This post first appeared on Kineti and is authored by Judah Gabriel Himango, one of Tabernacle of David’s teachers.
In a new episode of the Messianic Walk podcast, John McKee and I discuss his take on the mission statement for Messianic Judaism.
His statement, part of John’s coursework in Messianic studies, is formulated like this:
Today’s Messianic Jewish community has the widescale conviction that it composes “the end-time move of God.” This is based in the Biblical conviction that it is actively involved in the salvation-historical trajectory of “all Israel will be saved” (Romans 11:26). A massive salvation of Jewish people is to be regarded as “life from the dead” (Romans 11:15). Given the Apostle Paul’s magnanimous burden of the salvation of his kinsfolk—“I would pray that I myself were cursed, banished from Messiah for the sake of my people—my own flesh and blood” (Romans 9:3, TLV)—everything that today’s Messianic movement does, should be with the expressed purpose of trying to enhance the mission of Jewish outreach and evangelism! Today’s Messianic movement was specifically raised up by the Lord to proclaim the good news of Israel’s Messiah to the Jewish community, and emphasize that they do not have to assimilate into a much wider non-Jewish Christianity to properly express faith in Him.

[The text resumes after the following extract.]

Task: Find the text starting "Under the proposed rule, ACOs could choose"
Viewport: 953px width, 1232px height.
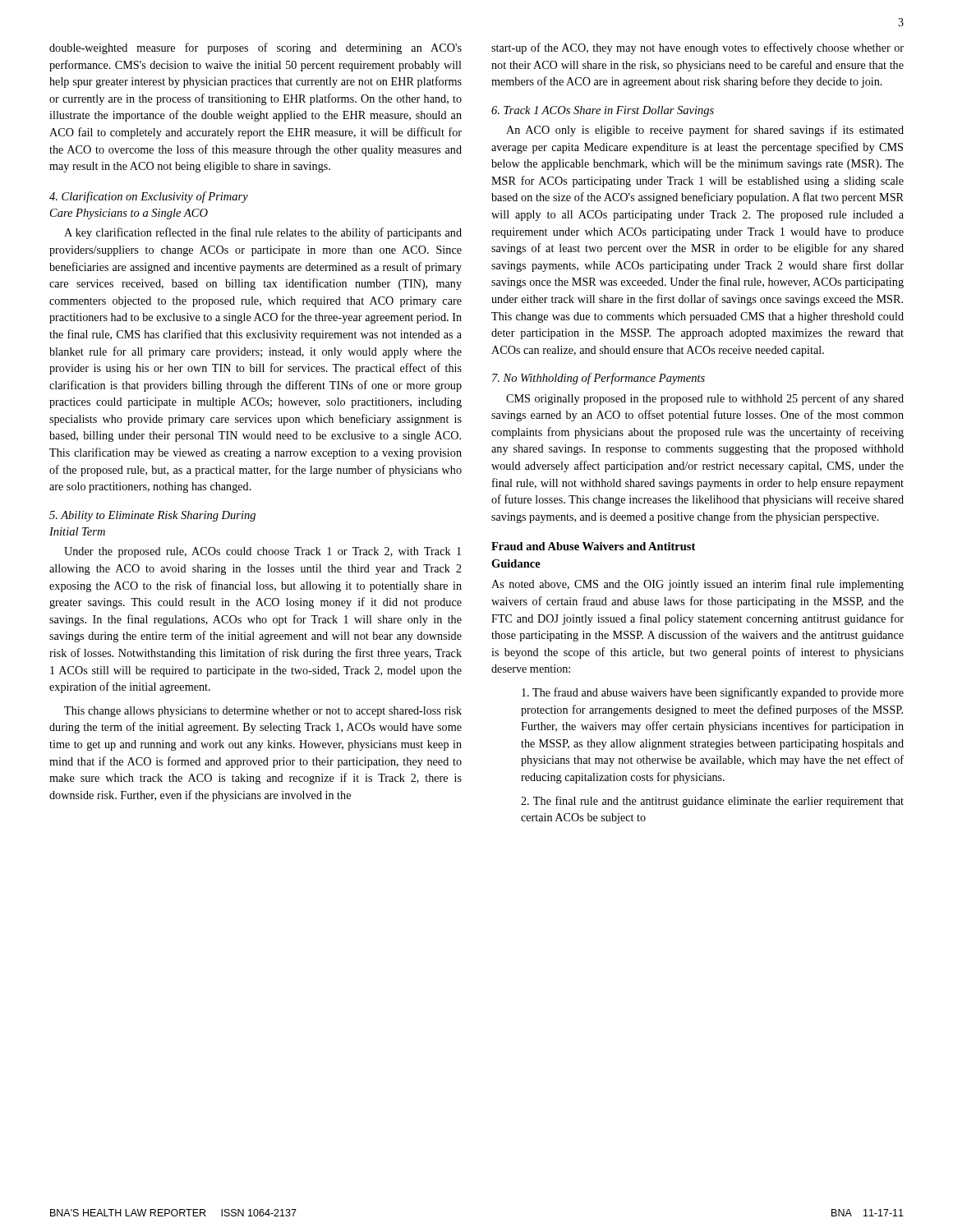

Many non-Jewish Believers, with a sincere and genuine love for the people and Scriptures of Israel, have been legitimately called by the Lord to be active participants and co-laborers in the salvation of Israel, along with Messianic Jewish Believers. Many of these people are to be regarded as modern-day Ruths, whose loyalty to Messianic Judaism is steadfast to the point of dying with their Messianic Jewish brothers and sisters (Ruth 1:16-17). They have a distinct role to play, in provoking non-believing Jewish people to Messiah faith (Romans 11:11). More importantly, as Jewish and non-Jewish people come together in a special and unique unity, in Messiah Yeshua, they should be representing the “one new man/humanity” (Ephesians 2:15)—a testimony and snapshot of the greater redemption to come to the cosmos in the eschaton (Ephesians 1:10).

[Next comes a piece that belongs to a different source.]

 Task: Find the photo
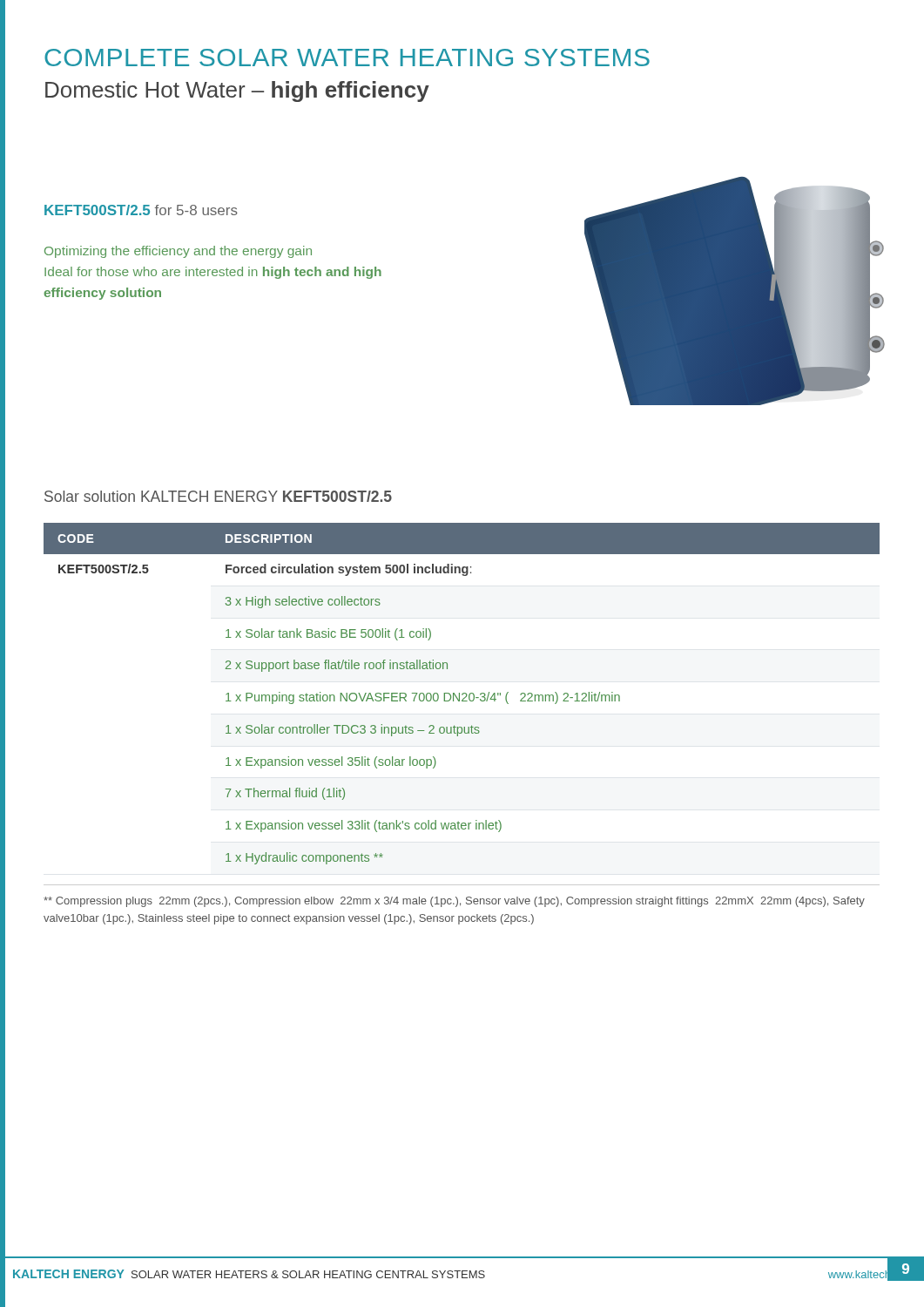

John and I discuss this vision in detail:
- Is the Messianic movement really the end-times move of God? Why we say it is, and what Biblical reasons we have for making that claim.
- Are there other reasons to serve in the Messianic movement besides theology about the last days?
- How and where the movement has diverged from the original vision of Jewish outreach, both good and bad.
- Is the Messianic movement a more authentic Christianity?
- Why the Messianic movement views assimilation differently than Christianity. (And how we know God doesn’t want Jews to disappear or lose their Jewishness.)
- The Ruth calling: the role of non-Jews in the Messianic movement
We hope this episode will give some clarity around the movement’s purpose and calling, and how you, fine Kineti reader, may be called to serve in the Messianic movement.